▸ **Input**:
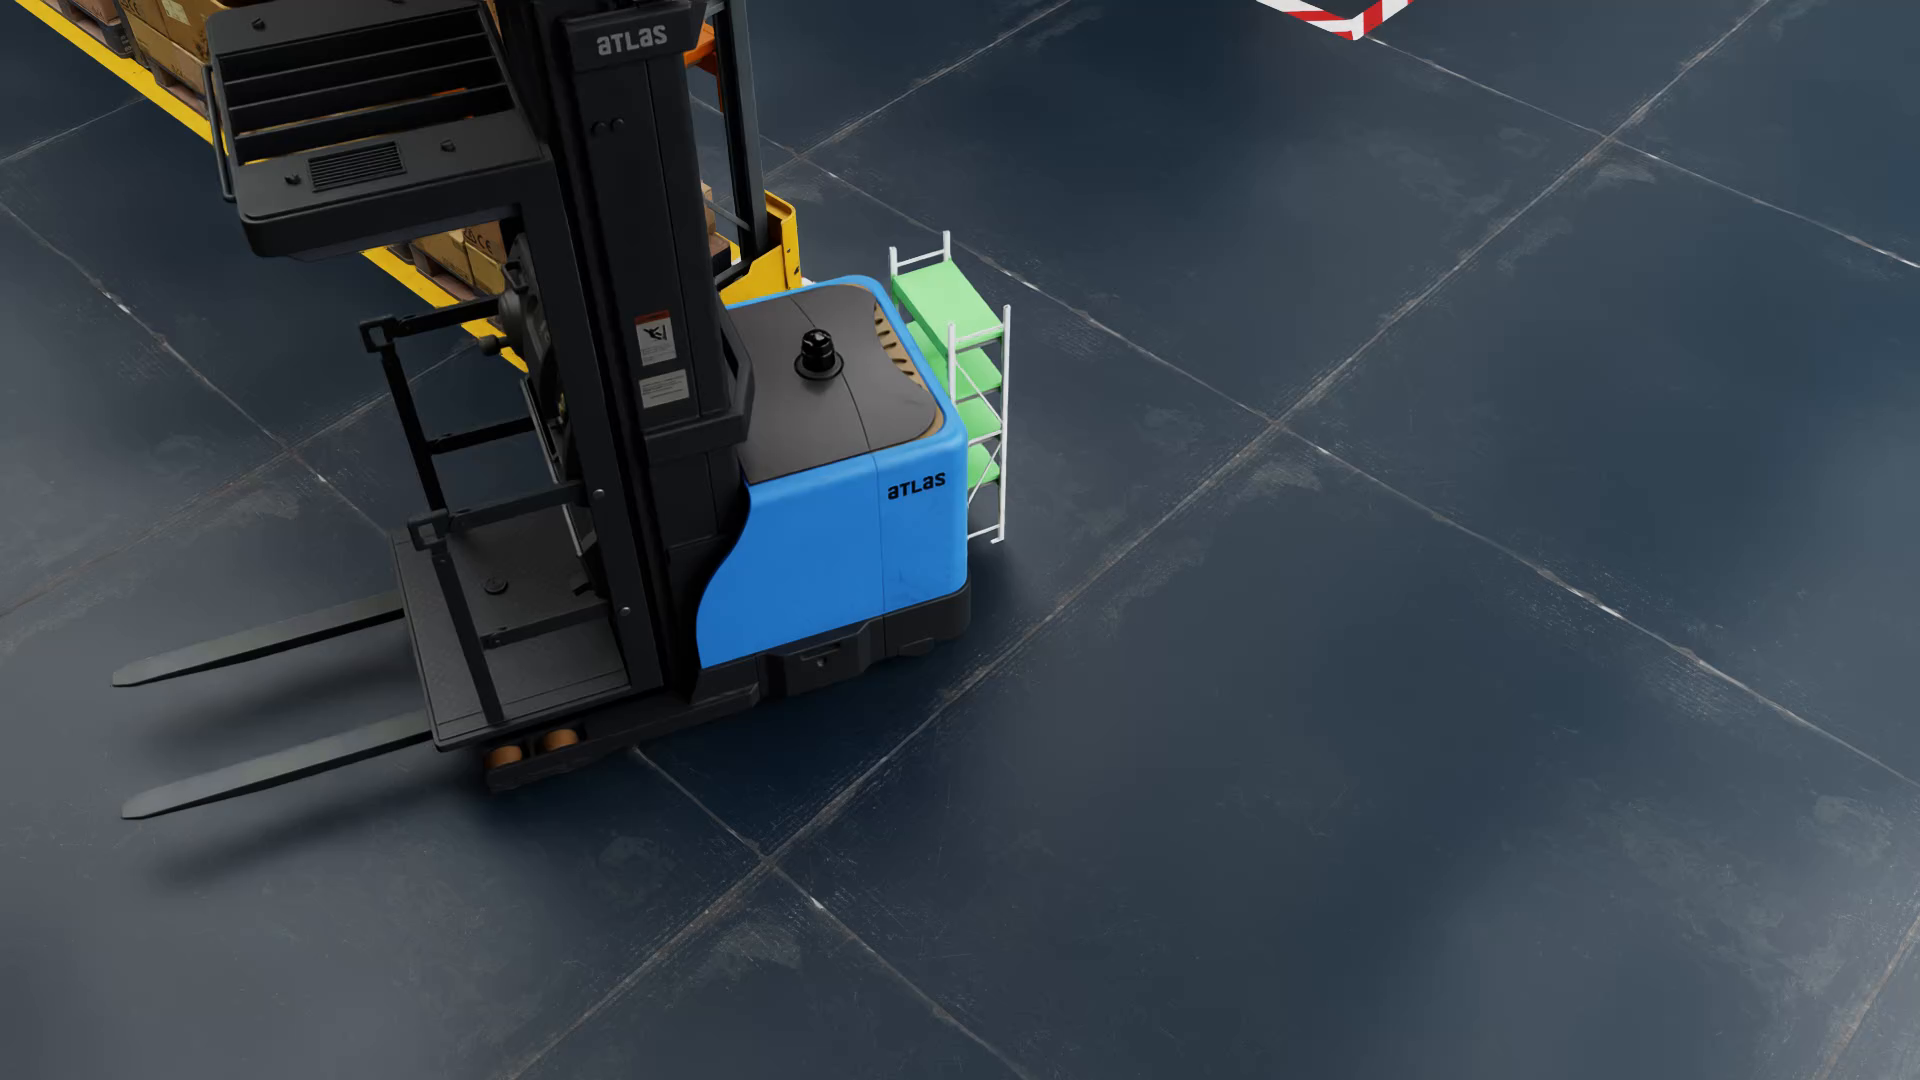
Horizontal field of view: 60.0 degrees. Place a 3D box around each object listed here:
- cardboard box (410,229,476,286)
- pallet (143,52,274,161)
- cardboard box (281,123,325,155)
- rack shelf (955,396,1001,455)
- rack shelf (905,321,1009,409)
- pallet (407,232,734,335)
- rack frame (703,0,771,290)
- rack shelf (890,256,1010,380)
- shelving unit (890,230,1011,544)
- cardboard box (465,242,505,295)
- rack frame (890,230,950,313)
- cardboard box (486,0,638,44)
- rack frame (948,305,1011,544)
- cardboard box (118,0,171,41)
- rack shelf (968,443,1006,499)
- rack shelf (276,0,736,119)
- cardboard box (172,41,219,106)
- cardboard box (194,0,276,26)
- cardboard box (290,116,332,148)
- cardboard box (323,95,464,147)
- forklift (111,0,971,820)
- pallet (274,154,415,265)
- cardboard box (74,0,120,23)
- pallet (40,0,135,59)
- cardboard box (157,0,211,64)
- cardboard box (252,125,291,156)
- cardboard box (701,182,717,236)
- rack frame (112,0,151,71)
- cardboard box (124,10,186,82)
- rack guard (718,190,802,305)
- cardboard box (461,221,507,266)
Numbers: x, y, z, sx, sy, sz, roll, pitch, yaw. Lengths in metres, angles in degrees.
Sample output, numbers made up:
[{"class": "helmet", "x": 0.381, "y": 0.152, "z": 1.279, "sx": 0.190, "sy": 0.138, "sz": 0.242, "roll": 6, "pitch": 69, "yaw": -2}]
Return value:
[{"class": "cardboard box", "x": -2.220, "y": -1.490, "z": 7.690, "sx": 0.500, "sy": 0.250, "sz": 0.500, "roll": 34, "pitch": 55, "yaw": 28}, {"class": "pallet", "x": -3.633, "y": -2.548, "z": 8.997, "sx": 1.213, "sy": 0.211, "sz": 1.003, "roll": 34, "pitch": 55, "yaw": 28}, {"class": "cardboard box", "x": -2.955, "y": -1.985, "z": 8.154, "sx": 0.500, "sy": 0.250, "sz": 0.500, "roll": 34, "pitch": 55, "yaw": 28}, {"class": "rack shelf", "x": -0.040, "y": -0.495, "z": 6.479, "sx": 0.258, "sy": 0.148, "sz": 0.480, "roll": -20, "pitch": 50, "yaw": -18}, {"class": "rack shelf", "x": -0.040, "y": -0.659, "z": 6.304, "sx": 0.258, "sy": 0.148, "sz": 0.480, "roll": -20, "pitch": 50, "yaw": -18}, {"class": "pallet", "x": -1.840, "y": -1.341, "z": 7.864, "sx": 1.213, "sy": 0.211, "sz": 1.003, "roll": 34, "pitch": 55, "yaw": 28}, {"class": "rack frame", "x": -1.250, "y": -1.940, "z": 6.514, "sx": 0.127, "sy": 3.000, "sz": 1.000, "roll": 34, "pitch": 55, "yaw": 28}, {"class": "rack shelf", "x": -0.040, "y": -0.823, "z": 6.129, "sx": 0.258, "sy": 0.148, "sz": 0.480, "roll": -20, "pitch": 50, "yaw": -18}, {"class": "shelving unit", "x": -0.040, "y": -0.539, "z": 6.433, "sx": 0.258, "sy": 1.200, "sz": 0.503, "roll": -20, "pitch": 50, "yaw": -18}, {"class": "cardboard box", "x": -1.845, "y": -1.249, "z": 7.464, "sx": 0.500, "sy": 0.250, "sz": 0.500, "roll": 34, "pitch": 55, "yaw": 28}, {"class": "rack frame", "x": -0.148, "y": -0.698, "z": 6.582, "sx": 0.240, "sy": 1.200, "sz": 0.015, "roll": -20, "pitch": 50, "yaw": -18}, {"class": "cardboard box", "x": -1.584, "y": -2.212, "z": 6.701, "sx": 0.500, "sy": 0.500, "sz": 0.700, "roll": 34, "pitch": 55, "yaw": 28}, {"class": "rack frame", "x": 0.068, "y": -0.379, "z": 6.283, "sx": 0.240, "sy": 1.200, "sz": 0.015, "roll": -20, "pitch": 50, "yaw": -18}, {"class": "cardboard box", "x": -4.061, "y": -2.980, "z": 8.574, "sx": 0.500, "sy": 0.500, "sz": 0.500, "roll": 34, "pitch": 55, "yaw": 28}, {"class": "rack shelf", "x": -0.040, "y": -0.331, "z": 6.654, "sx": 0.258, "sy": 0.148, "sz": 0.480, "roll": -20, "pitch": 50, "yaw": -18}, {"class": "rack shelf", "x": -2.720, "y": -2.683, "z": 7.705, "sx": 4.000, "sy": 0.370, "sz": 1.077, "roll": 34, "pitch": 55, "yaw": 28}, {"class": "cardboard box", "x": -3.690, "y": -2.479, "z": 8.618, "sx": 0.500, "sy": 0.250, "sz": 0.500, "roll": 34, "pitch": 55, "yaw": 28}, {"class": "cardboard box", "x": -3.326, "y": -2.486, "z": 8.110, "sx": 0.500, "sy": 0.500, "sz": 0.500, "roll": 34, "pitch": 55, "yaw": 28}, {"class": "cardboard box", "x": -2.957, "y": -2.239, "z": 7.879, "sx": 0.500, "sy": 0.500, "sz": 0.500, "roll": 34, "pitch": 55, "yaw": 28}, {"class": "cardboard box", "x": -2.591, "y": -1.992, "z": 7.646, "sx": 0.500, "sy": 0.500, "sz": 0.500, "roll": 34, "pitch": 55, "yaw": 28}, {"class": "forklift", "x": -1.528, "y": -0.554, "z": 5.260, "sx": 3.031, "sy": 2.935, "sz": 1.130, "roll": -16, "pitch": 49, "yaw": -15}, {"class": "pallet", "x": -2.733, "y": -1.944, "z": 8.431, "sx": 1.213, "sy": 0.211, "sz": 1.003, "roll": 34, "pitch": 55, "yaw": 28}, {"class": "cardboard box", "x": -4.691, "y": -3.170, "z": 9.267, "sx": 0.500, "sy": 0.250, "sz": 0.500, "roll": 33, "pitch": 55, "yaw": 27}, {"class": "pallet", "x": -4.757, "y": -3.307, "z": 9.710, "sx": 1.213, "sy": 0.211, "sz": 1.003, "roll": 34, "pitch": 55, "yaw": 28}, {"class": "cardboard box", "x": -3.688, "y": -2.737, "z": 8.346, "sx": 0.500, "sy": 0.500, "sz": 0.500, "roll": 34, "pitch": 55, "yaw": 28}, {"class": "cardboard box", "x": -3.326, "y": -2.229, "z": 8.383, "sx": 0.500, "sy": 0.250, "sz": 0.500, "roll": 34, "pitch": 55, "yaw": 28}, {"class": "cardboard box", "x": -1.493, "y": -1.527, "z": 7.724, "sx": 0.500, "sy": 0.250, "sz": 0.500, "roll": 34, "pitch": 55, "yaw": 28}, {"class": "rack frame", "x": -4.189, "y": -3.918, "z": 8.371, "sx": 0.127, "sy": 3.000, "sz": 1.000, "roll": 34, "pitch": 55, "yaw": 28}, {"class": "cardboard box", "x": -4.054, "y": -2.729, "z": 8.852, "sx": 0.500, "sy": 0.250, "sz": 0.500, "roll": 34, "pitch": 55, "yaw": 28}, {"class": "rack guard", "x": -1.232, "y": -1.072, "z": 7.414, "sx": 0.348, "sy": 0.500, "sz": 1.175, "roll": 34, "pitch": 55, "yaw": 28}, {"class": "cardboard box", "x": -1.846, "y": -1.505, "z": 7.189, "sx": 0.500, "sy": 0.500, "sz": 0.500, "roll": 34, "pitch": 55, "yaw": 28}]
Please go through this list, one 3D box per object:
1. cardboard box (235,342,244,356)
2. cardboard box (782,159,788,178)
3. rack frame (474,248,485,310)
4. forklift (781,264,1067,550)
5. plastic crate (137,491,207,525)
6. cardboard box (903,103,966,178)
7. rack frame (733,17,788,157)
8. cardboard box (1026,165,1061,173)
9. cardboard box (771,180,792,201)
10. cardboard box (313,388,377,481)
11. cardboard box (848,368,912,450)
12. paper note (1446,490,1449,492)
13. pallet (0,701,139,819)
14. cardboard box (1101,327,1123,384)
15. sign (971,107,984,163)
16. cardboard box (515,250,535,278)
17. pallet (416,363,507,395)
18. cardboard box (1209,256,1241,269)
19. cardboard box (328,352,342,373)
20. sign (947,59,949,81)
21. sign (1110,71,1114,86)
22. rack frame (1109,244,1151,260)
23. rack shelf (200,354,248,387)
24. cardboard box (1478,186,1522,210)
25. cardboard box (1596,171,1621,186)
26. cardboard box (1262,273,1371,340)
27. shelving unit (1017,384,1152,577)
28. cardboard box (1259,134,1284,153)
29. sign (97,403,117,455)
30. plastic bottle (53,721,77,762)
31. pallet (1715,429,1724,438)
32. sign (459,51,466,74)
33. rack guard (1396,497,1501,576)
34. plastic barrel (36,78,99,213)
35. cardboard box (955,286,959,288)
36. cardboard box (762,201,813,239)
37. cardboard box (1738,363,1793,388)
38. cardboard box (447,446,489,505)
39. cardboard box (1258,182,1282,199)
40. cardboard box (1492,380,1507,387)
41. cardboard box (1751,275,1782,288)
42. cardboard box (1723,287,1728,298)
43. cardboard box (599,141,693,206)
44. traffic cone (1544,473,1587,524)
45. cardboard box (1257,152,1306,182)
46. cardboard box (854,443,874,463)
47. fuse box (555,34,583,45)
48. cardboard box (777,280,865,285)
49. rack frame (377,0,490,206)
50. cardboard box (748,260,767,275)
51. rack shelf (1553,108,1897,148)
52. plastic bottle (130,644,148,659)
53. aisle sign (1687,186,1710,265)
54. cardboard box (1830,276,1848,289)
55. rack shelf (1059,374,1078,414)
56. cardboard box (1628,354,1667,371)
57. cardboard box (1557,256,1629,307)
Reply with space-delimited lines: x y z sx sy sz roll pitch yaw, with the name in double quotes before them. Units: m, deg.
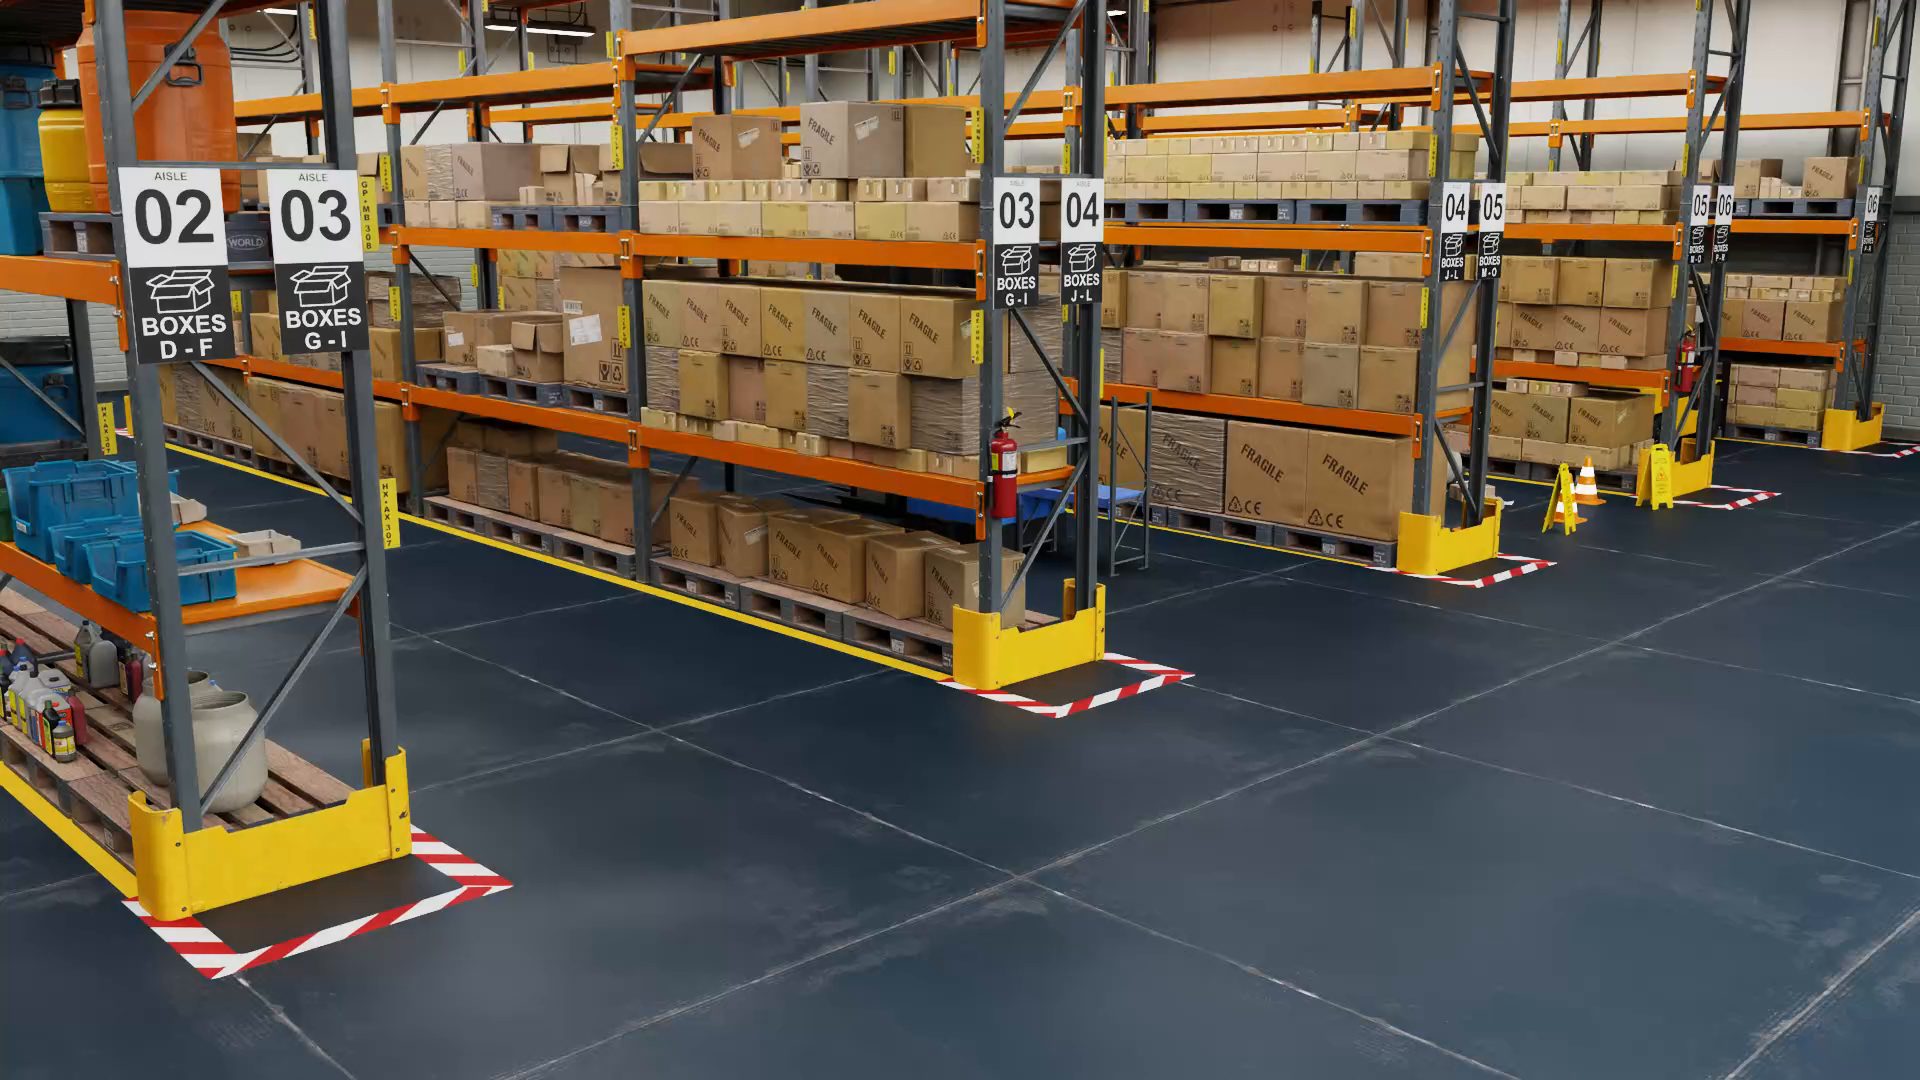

▸ **What is needed**: Reproduce verbatim the lines above, from the line with "4. forklift (781,264,1067,550)" through the line with "35. cardboard box (955,286,959,288)".

▸ **Reply**:
4. forklift (781,264,1067,550)
5. plastic crate (137,491,207,525)
6. cardboard box (903,103,966,178)
7. rack frame (733,17,788,157)
8. cardboard box (1026,165,1061,173)
9. cardboard box (771,180,792,201)
10. cardboard box (313,388,377,481)
11. cardboard box (848,368,912,450)
12. paper note (1446,490,1449,492)
13. pallet (0,701,139,819)
14. cardboard box (1101,327,1123,384)
15. sign (971,107,984,163)
16. cardboard box (515,250,535,278)
17. pallet (416,363,507,395)
18. cardboard box (1209,256,1241,269)
19. cardboard box (328,352,342,373)
20. sign (947,59,949,81)
21. sign (1110,71,1114,86)
22. rack frame (1109,244,1151,260)
23. rack shelf (200,354,248,387)
24. cardboard box (1478,186,1522,210)
25. cardboard box (1596,171,1621,186)
26. cardboard box (1262,273,1371,340)
27. shelving unit (1017,384,1152,577)
28. cardboard box (1259,134,1284,153)
29. sign (97,403,117,455)
30. plastic bottle (53,721,77,762)
31. pallet (1715,429,1724,438)
32. sign (459,51,466,74)
33. rack guard (1396,497,1501,576)
34. plastic barrel (36,78,99,213)
35. cardboard box (955,286,959,288)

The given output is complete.